Helport AI Ltd
Key Highlights
- Revenue grew 38% to $110M with net income up 50% to $18M
- Expanded operations to Singapore, Philippines, China, and U.S.
- Launched LiveCall Assistant and secured $10M deals in healthcare/e-commerce
Financial Analysis
Helport AI Ltd Annual Report - Cleaned Investor Summary
Hey friend! Let’s cut through the noise and see how Helport AI really did this year:
1. What They Do (And What Changed)
Helport builds AI tools for customer service—chatbots, email sorting, and real-time help for call center agents. Their star product, AI Assist, now does four big things:
- Gives agents scripts during calls
- Automatically checks call quality
- Guides agents through complex tasks
- Builds smart FAQ systems
Big Changes This Year:
- Dropped medical consulting (was 3.8% of revenue) to go all-in on AI
- Grew from 5 to 28 enterprise clients in 3 years
- Expanded to Singapore, Philippines, China, and the U.S.
2. Money Talk
- Revenue: $110M (up 38% from $80M)
- Profit: $18M (up 50% from $12M)
- Growth: Slowing slightly (30% vs 37.5% last year)
- Efficiency Win: Kept 62.8% of every dollar after costs (up from 54.9%)
- Core AI Growth: Chatbots/call tools brought in $34.6M (up 17%)
3. Wins vs. Oops Moments
✅ Wins:
- Launched LiveCall Assistant (their smartest AI yet)
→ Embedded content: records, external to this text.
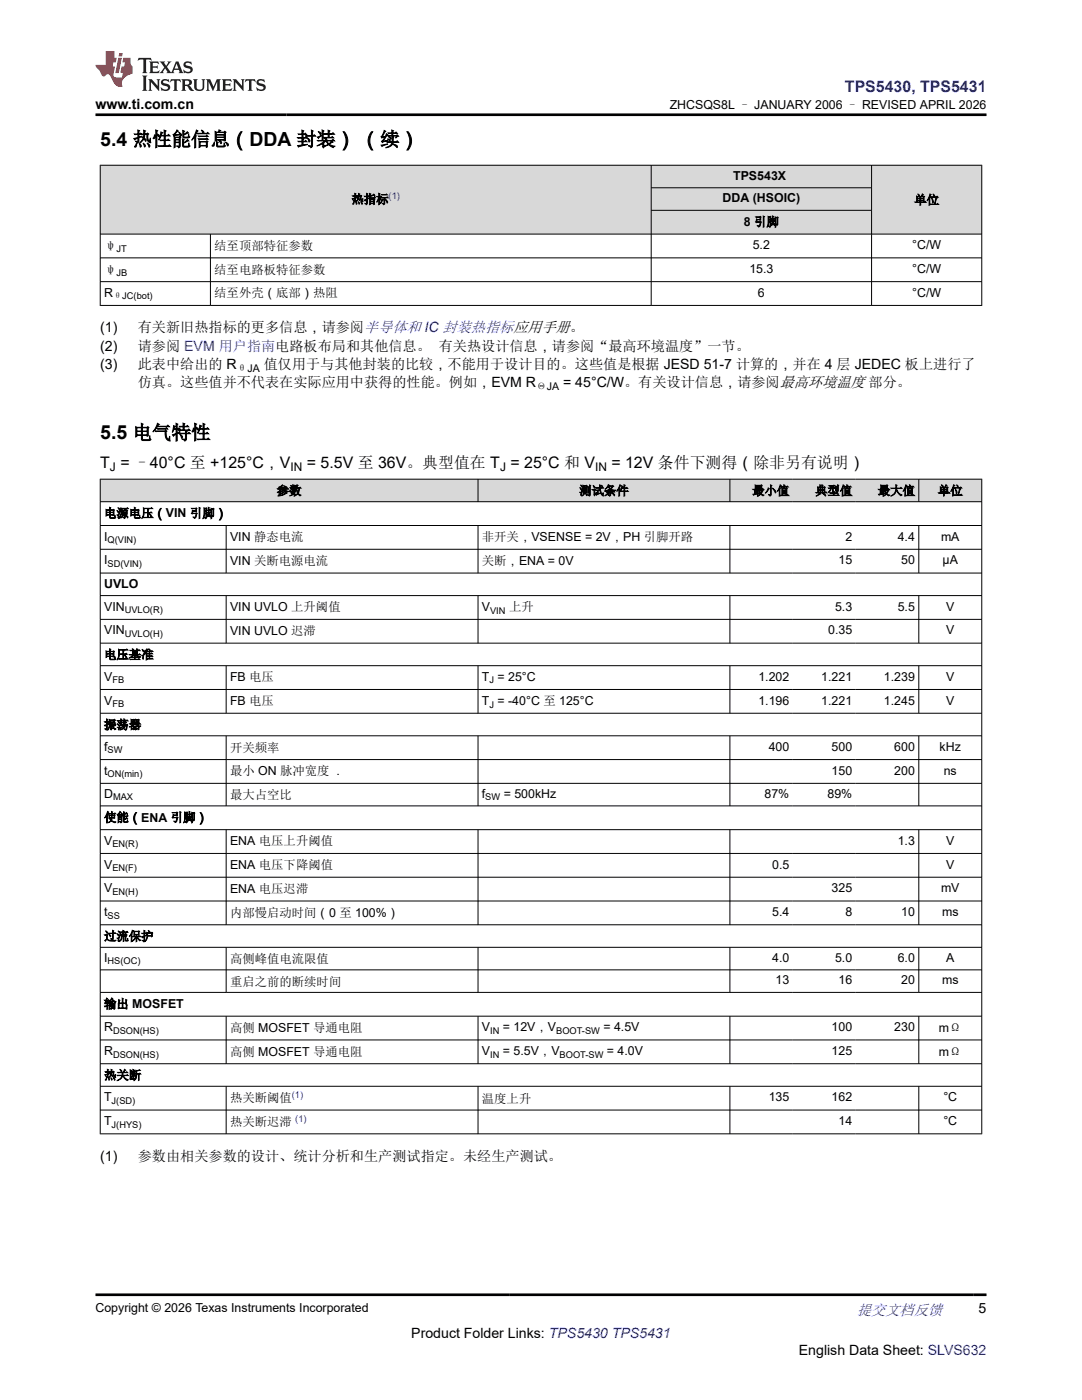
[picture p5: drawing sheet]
<svg xmlns="http://www.w3.org/2000/svg" width="216mm" height="279mm" viewBox="0 0 216 279" stroke-linecap="round" stroke-linejoin="round" font-family="sans-serif">
<defs><g id="words">
<g font-size="3.9">
<text x="20" y="29.1">5.4 热性能信息（DDA 封装） （续）</text>
<text x="20" y="87.6">5.5 电气特性</text>
</g>
<text font-size="3.2" fill="#00f" x="168.6" y="18.3">TPS5430, TPS5431</text>
<g font-size="3.2">
<text x="20" y="93.4">T = –40°C 至 +125°C，V</text>
<text x="61.2" y="93.4">= 5.5V 至 36V。典型值在 T = 25°C 和 V</text>
<text x="122" y="93.4">= 12V 条件下测得（除非另有说明）</text>
</g>
<text font-size="3" fill="#00f" x="171" y="262.4">提交文档反馈</text>
<g font-size="2.8">
<text x="19" y="21.7">www.ti.com.cn</text>
<text x="20" y="66.3">(1)</text>
<text x="20" y="70">(2)</text>
<text x="27.5" y="66.3">有关新旧热指标的更多信息，请参阅半导体和 IC 封装热指标应用手册。</text>
<text x="27.5" y="70">请参阅 EVM 用户指南电路板布局和其他信息。 有关热设计信息，请参阅“最高环境温度”一节。</text>
<text x="20" y="73.6">(3)</text>
<text x="27.5" y="73.6">此表中给出的 R</text>
<text x="27.5" y="77.3">仿真。这些值并不代表在实际应用中获得的性能。例如，EVM R</text>
<text x="52.6" y="73.6">值仅用于与其他封装的比较，不能用于设计目的。这些值是根据 JESD 51-7 计算的，并在 4 层 JEDEC 板上进行了</text>
<text x="112.4" y="77.3">= 45°C/W。有关设计信息，请参阅最高环境温度 部分。</text>
<text x="20" y="231.6">(1)</text>
<text x="27.5" y="231.6">参数由相关参数的设计、统计分析和生产测试指定。未经生产测试。</text>
<text x="195.3" y="262.1">5</text>
<text x="82.1" y="266.9">Product Folder Links: TPS5430 TPS5431</text>
<text x="159.4" y="270.3">English Data Sheet: SLVS632</text>
</g>
<g font-size="2.5">
<text x="133.6" y="21.8">ZHCSQS8L – JANUARY 2006 – REVISED APRIL 2026</text>
<text x="146.3" y="35.9">TPS543X</text>
<text x="70.1" y="40.6">热指标</text>
<text x="144.2" y="40.4">DDA (HSOIC)</text>
<text x="182.4" y="40.7">单位</text>
<text x="148.4" y="45.1">8 引脚</text>
<text x="20.8" y="49.9">ψ</text>
<text x="42.8" y="50">结至顶部特征参数</text>
<text x="150.2" y="49.7">5.2</text>
<text x="182" y="49.7">°C/W</text>
<text x="20.8" y="54.6">ψ</text>
<text x="20.8" y="59.2">R</text>
<text x="42.8" y="54.7">结至电路板特征参数</text>
<text x="42.8" y="59.3">结至外壳（底部）热阻</text>
<text x="149.5" y="54.5">15.3</text>
<text x="151.2" y="59.2">6</text>
<text x="182" y="54.5">°C/W</text>
<text x="182" y="59.2">°C/W</text>
<text x="55.2" y="98.8">参数</text>
<text x="115.6" y="98.8">测试条件</text>
<text x="150.1" y="98.8">最小值</text>
<text x="162.7" y="98.8">典型值</text>
<text x="175.2" y="98.8">最大值</text>
<text x="187.1" y="98.8">单位</text>
<text x="20.8" y="103.3">电源电压（VIN 引脚）</text>
<text x="20.8" y="107.9">I</text>
<text x="168.7" y="107.9">2</text>
<text x="179.1" y="107.9">4.4</text>
<text x="187.8" y="107.9">mA</text>
<text x="20.8" y="112.6">I</text>
<text x="45.9" y="108">VIN 静态电流</text>
<text x="45.9" y="112.8">VIN 关断电源电流</text>
<text x="96.2" y="108">非开关，VSENSE = 2V，PH 引脚开路</text>
<text x="96.2" y="112.8">关断，ENA = 0V</text>
<text x="167.3" y="112.6">15</text>
<text x="179.8" y="112.6">50</text>
<text x="188.1" y="112.6">µA</text>
<text x="20.8" y="117.3">UVLO</text>
<text x="20.8" y="121.9">VIN</text>
<text x="45.9" y="122">VIN UVLO 上升阈值</text>
<text x="96.2" y="122">V</text>
<text x="101.6" y="122">上升</text>
<text x="166.6" y="121.9">5.3</text>
<text x="179.1" y="121.9">5.5</text>
<text x="188.8" y="121.9">V</text>
<text x="20.8" y="126.6">VIN</text>
<text x="20.8" y="131.5">电压基准</text>
<text x="45.9" y="126.7">VIN UVLO 迟滞</text>
<text x="165.3" y="126.6">0.35</text>
<text x="188.8" y="126.6">V</text>
<text x="20.8" y="135.9">V</text>
<text x="45.9" y="136">FB 电压</text>
<text x="96.2" y="135.9">T = 25°C</text>
<text x="151.3" y="135.9">1.202</text>
<text x="163.9" y="135.9">1.221</text>
<text x="176.4" y="135.9">1.239</text>
<text x="188.8" y="135.9">V</text>
<text x="20.8" y="140.6">V</text>
<text x="45.9" y="140.7">FB 电压</text>
<text x="96.2" y="140.7">T = -40°C 至 125°C</text>
<text x="151.3" y="140.6">1.196</text>
<text x="163.9" y="140.6">1.221</text>
<text x="176.4" y="140.6">1.245</text>
<text x="188.8" y="140.6">V</text>
<text x="20.8" y="145.5">振荡器</text>
<text x="20.8" y="149.9">f</text>
<text x="45.9" y="150">开关频率</text>
<text x="153.4" y="149.9">400</text>
<text x="165.9" y="149.9">500</text>
<text x="178.4" y="149.9">600</text>
<text x="187.5" y="149.9">kHz</text>
<text x="20.8" y="154.6">t</text>
<text x="45.9" y="154.7">最小 ON 脉冲宽度 .</text>
<text x="165.9" y="154.6">150</text>
<text x="178.4" y="154.6">200</text>
<text x="188.3" y="154.6">ns</text>
<text x="20.8" y="159.2">D</text>
<text x="45.9" y="159.5">最大占空比</text>
<text x="96.2" y="159.2">f</text>
<text x="100.5" y="159.2">= 500kHz</text>
<text x="152.6" y="159.2">87%</text>
<text x="165.1" y="159.2">89%</text>
<text x="20.8" y="164">使能（ENA 引脚）</text>
<text x="20.8" y="168.6">V</text>
<text x="20.8" y="173.3">V</text>
<text x="45.9" y="168.7">ENA 电压上升阈值</text>
<text x="45.9" y="173.5">ENA 电压下降阈值</text>
<text x="154.1" y="173.3">0.5</text>
<text x="179.1" y="168.6">1.3</text>
<text x="188.8" y="168.6">V</text>
<text x="188.8" y="173.3">V</text>
<text x="20.8" y="178.1">V</text>
<text x="45.9" y="178.2">ENA 电压迟滞</text>
<text x="165.9" y="178.1">325</text>
<text x="187.8" y="178.1">mV</text>
<text x="20.8" y="182.8">t</text>
<text x="45.9" y="183">内部慢启动时间（0 至 100%）</text>
<text x="154.1" y="182.8">5.4</text>
<text x="168.7" y="182.8">8</text>
<text x="179.8" y="182.8">10</text>
<text x="188" y="182.8">ms</text>
<text x="20.8" y="187.7">过流保护</text>
<text x="20.8" y="191.9">I</text>
<text x="154.1" y="191.9">4.0</text>
<text x="166.6" y="191.9">5.0</text>
<text x="179.1" y="191.9">6.0</text>
<text x="188.8" y="191.9">A</text>
<text x="45.9" y="192.2">高侧峰值电流限值</text>
<text x="45.9" y="196.7">重启之前的断续时间</text>
<text x="154.8" y="196.4">13</text>
<text x="167.3" y="196.4">16</text>
<text x="179.8" y="196.4">20</text>
<text x="188" y="196.4">ms</text>
<text x="20.8" y="201.2">输出 MOSFET</text>
<text x="20.8" y="205.8">R</text>
<text x="45.9" y="205.9">高侧 MOSFET 导通电阻</text>
<text x="96.2" y="205.8">V</text>
<text x="100.3" y="205.8">= 12V，V</text>
<text x="120.4" y="205.8">= 4.5V</text>
<text x="165.9" y="205.8">100</text>
<text x="178.4" y="205.8">230</text>
<text x="187.4" y="205.9">mΩ</text>
<text x="20.8" y="210.6">R</text>
<text x="20.8" y="215.4">热关断</text>
<text x="45.9" y="210.7">高侧 MOSFET 导通电阻</text>
<text x="96.2" y="210.6">V</text>
<text x="100.3" y="210.6">= 5.5V，V</text>
<text x="121.1" y="210.6">= 4.0V</text>
<text x="165.9" y="210.6">125</text>
<text x="187.4" y="210.7">mΩ</text>
<text x="20.8" y="219.8">T</text>
<text x="45.9" y="219.9">热关断阈值</text>
<text x="96.2" y="220.1">温度上升</text>
<text x="153.4" y="219.8">135</text>
<text x="165.9" y="219.8">162</text>
<text x="188.2" y="219.8">°C</text>
<text x="20.8" y="224.5">T</text>
<text x="45.9" y="224.7">热关断迟滞</text>
<text x="167.3" y="224.5">14</text>
<text x="188.2" y="224.5">°C</text>
<text x="19" y="261.8">Copyright © 2026 Texas Instruments Incorporated</text>
</g>
<g font-size="2.4">
<text x="21.9" y="94.1">J</text>
<text x="58" y="94.1">IN</text>
<text x="99.8" y="94.1">J</text>
<text x="118.7" y="94.1">IN</text>
</g>
<g font-size="2.1">
<text x="47.3" y="74.2">θJA</text>
<text x="107" y="77.9">ΘJA</text>
</g>
<g font-size="1.9" fill="#00f">
<text x="77.5" y="39.8">(1)</text>
<text x="58.2" y="219.1">(1)</text>
<text x="58.9" y="223.8">(1)</text>
</g>
<g font-size="1.9">
<text x="23.2" y="50.3">JT</text>
<text x="22.6" y="59.7">θJC(bot)</text>
<text x="23.2" y="55.1">JB</text>
<text x="21.5" y="108.4">Q(VIN)</text>
<text x="21.5" y="113.1">SD(VIN)</text>
<text x="24.9" y="122.4">UVLO(R)</text>
<text x="97.8" y="122.5">VIN</text>
<text x="24.9" y="127.1">UVLO(H)</text>
<text x="22.4" y="136.4">FB</text>
<text x="97.7" y="136.4">J</text>
<text x="22.4" y="141.1">FB</text>
<text x="97.7" y="141.2">J</text>
<text x="21.5" y="150.3">SW</text>
<text x="21.5" y="155.1">ON(min)</text>
<text x="22.6" y="159.7">MAX</text>
<text x="96.8" y="159.7">SW</text>
<text x="22.4" y="169.1">EN(R)</text>
<text x="22.4" y="173.8">EN(F)</text>
<text x="22.4" y="178.6">EN(H)</text>
<text x="21.5" y="183.3">SS</text>
<text x="21.5" y="192.4">HS(OC)</text>
<text x="22.6" y="206.3">DSON(HS)</text>
<text x="97.8" y="206.3">IN</text>
<text x="111" y="206.3">BOOT-SW</text>
<text x="22.6" y="211.1">DSON(HS)</text>
<text x="97.8" y="211.1">IN</text>
<text x="111.7" y="211.1">BOOT-SW</text>
<text x="22.3" y="220.3">J(SD)</text>
<text x="22.3" y="225">J(HYS)</text>
</g>
</g></defs>
<g fill="#d8d8d8">
<path d="M20 33h175.9v4.5h-175.9z" fill-rule="evenodd"/>
<path d="M20.1 33h109.8v13.7h-109.8z" fill-rule="evenodd"/>
<path d="M130 33h43.9v4.4h-43.9z" fill-rule="evenodd"/>
<path d="M174 33h21.8v13.7h-21.8z" fill-rule="evenodd"/>
<path d="M130 37.5h43.9v4.4h-43.9z" fill-rule="evenodd"/>
<path d="M130 42h43.9v4.7h-43.9z" fill-rule="evenodd"/>
</g>
<path d="M19.9 33h176.1M20 32.9v28.1M129.9 32.9v28.1M129.9 37.5h44.1M173.9 32.9v28.1M195.9 32.9v28.1M19.9 46.7h176.1M19.9 51.5h176.1M19.9 56.2h176.1M42 46.7v14.3M129.9 42h44.1M19.9 61h176.1" fill="none" stroke="#000" stroke-width=".2"/>
<g fill="#d8d8d8">
<path d="M20 95.6h175.9v4.5h-175.9z" fill-rule="evenodd"/>
<path d="M20.1 95.7h75.2v4.4h-75.2z" fill-rule="evenodd"/>
<path d="M95.4 95.7h50.2v4.4h-50.2z" fill-rule="evenodd"/>
<path d="M145.7 95.7h12.5v4.4h-12.5z" fill-rule="evenodd"/>
<path d="M158.2 95.7h12.6v4.4h-12.6z" fill-rule="evenodd"/>
<path d="M170.8 95.7h12.5v4.4h-12.5z" fill-rule="evenodd"/>
<path d="M183.4 95.7h12.4v4.4h-12.4z" fill-rule="evenodd"/>
</g>
<g fill="none" stroke="#000" stroke-width=".2">
<path d="M19.9 95.6h176.1M20 95.6v130.7M95.4 95.6v4.6M145.6 95.6v4.6M183.3 95.6v4.6M195.9 95.6v130.7M19.9 100.1h176.1M19.9 104.9h176.1M19.9 109.6h176.1M19.9 114.4h176.1M19.9 118.9h176.1M45.1 104.9v9.5"/>
<path d="M45.1 118.9v9.5M95.4 104.9v9.5M95.4 118.9v9.5M145.6 104.9v9.5M145.6 118.9v9.5M183.3 104.9v9.5M183.3 118.9v9.5M19.9 123.6h176.1M19.9 128.4h176.1M19.9 132.9h176.1M19.9 137.6h176.1M45.1 132.9v9.5"/>
<path d="M95.4 132.9v9.5M145.6 132.9v9.5M183.3 132.9v9.5M19.9 142.3h176.1M19.9 146.8h176.1M19.9 151.6h176.1M19.9 156.3h176.1M45.1 146.8v14.1M95.4 146.8v14.1M145.6 146.8v14.1M183.3 146.8v14.1M19.9 160.8h176.1"/>
<path d="M19.9 165.6h176.1M19.9 170.3h176.1M19.9 175.1h176.1M19.9 179.8h176.1M45.1 165.6v19M95.4 165.6v19M145.6 165.6v19M183.3 165.6v19M19.9 184.6h176.1M19.9 189.1h176.1M19.9 193.6h176.1M19.9 198.1h176.1"/>
<path d="M45.1 189.1v9M95.4 189.1v9M145.6 189.1v9M183.3 189.1v9M19.9 202.8h176.1M19.9 207.5h176.1M19.9 212.3h176.1M19.9 216.8h176.1M45.1 202.8v9.6M45.1 216.8v9.5M95.4 202.8v9.6M95.4 216.8v9.5"/>
<path d="M145.6 202.8v9.6M145.6 216.8v9.5M183.3 202.8v9.6M183.3 216.8v9.5M19.9 221.5h176.1M19.9 226.3h176.1"/>
</g>
<path d="M27.7 11.6l-.2 .5 .5-.2h.6v.1v2.2l-.2 .4h1l-.2-.4v-2.2v-.1h.5l.5 .2-.1-.5zM29.8 12.3l.2 .4v1.5l-.2 .4h1.9l.1-.6a1.08 1.08 0 0 1-1.3 .2v-.7h.6l.4 .2v-.7l-.4 .2h-.6v-.5l.2-.2a1 1 0 0 1 1 .3l-.1-.5zM31.8 12.3l1 1.1-1 1.2h.9l-.2-.2 .4-.8 .5 .8-.2 .2h1.6l-.2-.2 .1-.5h1l.1 .5-.1 .2h.9l-.2-.3-.8-2h-.5l-1 2.2-.8-1.1 .9-1.1h-.8l.2 .2-.5 .6-.3-.6 .1-.2zM35.2 12.7l.4 1h-.8zM36.8 12.4a.65 .65 0 0 0-.2 .7 .65 .65 0 0 0 .6 .5l.7 .1 .1 .3a.79 .79 0 0 1-.7 .4 .79 .79 0 0 1-.7-.5l.1 .7 .2-.1a.93 .93 0 0 0 1.1 .1 .93 .93 0 0 0 .4-1 1.46 1.46 0 0 0-1.2-.6l-.1-.3a1.09 1.09 0 0 1 1.2 .2l-.2-.6-.1 .1-.6-.2zM28.4 15.1l.2 .4v2.2l-.2 .4h1l-.2-.4v-2.2l.2-.4zM29.6 15.8l.2 .4v1.5l-.2 .4h.8l-.3-.4v-1.3l1.7 1.8v-2l.2-.4h-.8l.2 .2 .1 1.1-1.2-1.3zM32.3 15.9a.65 .65 0 0 0-.2 .8 .65 .65 0 0 0 .7 .4l.6 .2 .1 .2a.79 .79 0 0 1-.7 .4 .79 .79 0 0 1-.7-.5l.1 .7 .2-.1a.93 .93 0 0 0 1.1 .1 .93 .93 0 0 0 .4-.9 1.46 1.46 0 0 0-1.2-.6l-.1-.4a1.09 1.09 0 0 1 1.2 .2l-.2-.6-.1 .1-.6-.1zM34.1 15.8l-.1 .6a.63 .63 0 0 1 .7-.3l.1 1.6-.3 .4h1l-.2-.4v-1.6a.66 .66 0 0 1 .8 .3l-.1-.6zM36.2 15.8l.2 .4v1.5l-.2 .4h.9l-.2-.2v-.7h.5l.1 .2a.79 .79 0 0 0 1.2 .6l-1-.9a.61 .61 0 0 0 .6-.6 .61 .61 0 0 0-.5-.7zM36.9 16.1h.2a.47 .47 0 0 1 .5 .1 .47 .47 0 0 1 .1 .5l-.2 .1-.6 .1zM38.5 15.8l.2 .2a2.27 2.27 0 0 0 .4 2 1.04 1.04 0 0 0 1.7-.7v-1.3l.2-.2h-.8l.2 .4v1.1a.6 .6 0 0 1-.6 .6 .6 .6 0 0 1-.6-.6v-1.1l.3-.4zM41.1 15.8l.2 .4v1.5l-.2 .4h.7l-.2-.4v-1.4l.9 1.9 .8-1.9v1.4l-.2 .4h1l-.3-.4v-1.5l.3-.4h-.8l-.7 1.5-.7-1.5zM44.3 15.8l.2 .4v1.5l-.2 .4h1.9l.1-.6a1.09 1.09 0 0 1-1.3 .2v-.7h.6l.4 .2v-.6l-.4 .2h-.6v-.6l.2-.1a1.01 1.01 0 0 1 1 .3l-.1-.6zM46.4 15.8l.3 .4v1.5l-.3 .4h.8l-.2-.4v-1.3l1.6 1.8v-2l.2-.4h-.7l.2 .2v1.1l-1.2-1.3zM49 15.8l-.1 .6a.63 .63 0 0 1 .8-.3v1.6l-.3 .4h1l-.2-.4v-1.6a.66 .66 0 0 1 .8 .3l-.1-.6zM51.4 15.9a.65 .65 0 0 0-.2 .8 .65 .65 0 0 0 .6 .4l.6 .2 .2 .2a.79 .79 0 0 1-.8 .4 .79 .79 0 0 1-.6-.5l.1 .7 .2-.1a.93 .93 0 0 0 1 .1 .93 .93 0 0 0 .5-.9 1.46 1.46 0 0 0-1.3-.6l-.1-.4a1.09 1.09 0 0 1 1.3 .2l-.2-.6-.2 .1-.5-.1z" fill="#231f20"/>
<path d="M21.1 10.2v2.8h-2.1l.1 .3 .9 1a.95 .95 0 0 0 .9 .9 .59 .59 0 0 1 .6-.4 .59 .59 0 0 1 .5 .4l.4 .7a1.59 1.59 0 0 0 2.1 1.4 1.61 1.61 0 0 1 1-2.3l1-.3-.1-1.5a1.59 1.59 0 0 1-.4-1.7h-1.4l-.2 .9h.5l-.1 .9h-.5l-.2 1v.2l.4 .1-.2 .9h-.6a.73 .73 0 0 1-1.1-.7l.3-1.5h-.5l.2-.9h.5l.2-.9h-.5v-1.3zM23.6 11.5l-.6 3.1h.7l.6-3.1zM23.8 10.6l-.1 .6h.7l.1-.6z" fill="#ed1c24"/>
<path d="M19 22.9h177.8M19 258.4h177.8" fill="none" stroke="#000" stroke-width=".53"/>
<use href="#words"/>
</svg>

- Landed $10M deals in healthcare and e-commerce
- Cut non-core services to boost profits
❌ Oops:
- Hardware delays hurt sales (supply chain issues)
- Overly reliant on one supplier (Youfei Shuke)
4. Financial Health Check
- Cash: $55M (up from $40M)
- Debt: $20M (manageable)
- Watch Out: Warrants could dilute shares by ~33%
- Bright Spot: Spending smarter—R&D/marketing up, but profits still grew
5. Biggest Risks
- Customer Concentration: Top 3 clients = 69.5% of revenue
- Supplier Risk: Stuck with Youfei Shuke until 2025
- Payment Fees: Loses 2% per transaction using Xinsheng
6. Competition? 🤷♂️
The company didn’t provide details about rivals in their report—something investors might want to ask about.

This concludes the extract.